In the US there was a huge panic about invasive ants in the 1930/40s which resulted in massive amounts of poison being sprayed across the landscape and it mostly killed local ants, offering the imported fire ant species an easy landgrab. Looking back, this whole campaign was a really really bad idea.
And then there's the last thing - time. The fire ant species those spanish settlers encountered just have a roughly 500 years headstart compared to the ones that are invading the southern US right now.
Yes, after a certain time every dominant invader will inevitably integrate itself into some sort of functioning ecosystem (or create one around itself, or die out), there is no question about this. The question is how many species had to go extinct to make that happen.
Even if the introduction of an invasive organism results in the complete meltdown and utter destruction of an ecosystem, given a few hundred years a new landscape will emerge and you'll hardly notice the traces of any disaster that took place.

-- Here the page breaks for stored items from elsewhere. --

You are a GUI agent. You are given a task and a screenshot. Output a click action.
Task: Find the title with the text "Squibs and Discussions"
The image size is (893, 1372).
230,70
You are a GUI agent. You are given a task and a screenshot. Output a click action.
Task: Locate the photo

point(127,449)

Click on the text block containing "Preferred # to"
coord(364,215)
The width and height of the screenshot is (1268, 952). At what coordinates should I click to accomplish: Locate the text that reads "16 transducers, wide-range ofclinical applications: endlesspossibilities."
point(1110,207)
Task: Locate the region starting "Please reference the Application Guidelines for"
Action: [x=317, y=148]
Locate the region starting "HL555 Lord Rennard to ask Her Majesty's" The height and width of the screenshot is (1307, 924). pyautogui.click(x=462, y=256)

The issue is the old ecosystem - which in case of islands specifically tends to be a very unique one with endemic species that could only be found there and nowhere else in the world - is gone, and it's not coming back. Most of the species that made it up are lost forever and those that made it may have changed beyond recognition (like the chichlids of Lake Victoria which got absolutely massacred by the intentionally introduced invasive Nil perch, causing species boundaries to break down entirely, resulting a wild array of completely unique new chichlid fish that are slowly establishing themselves into new species at the fringes of an utterly devastated ecosystem. Ironically by now the Nil perch is about to go the way of the Dodo after basically eating up the entirety of the Lake's freshwater fish population, which should send a very clear message to everyone that crap like this just isn't sustainable).
Edited by Serafine, June 15 2023 - 11:55 AM.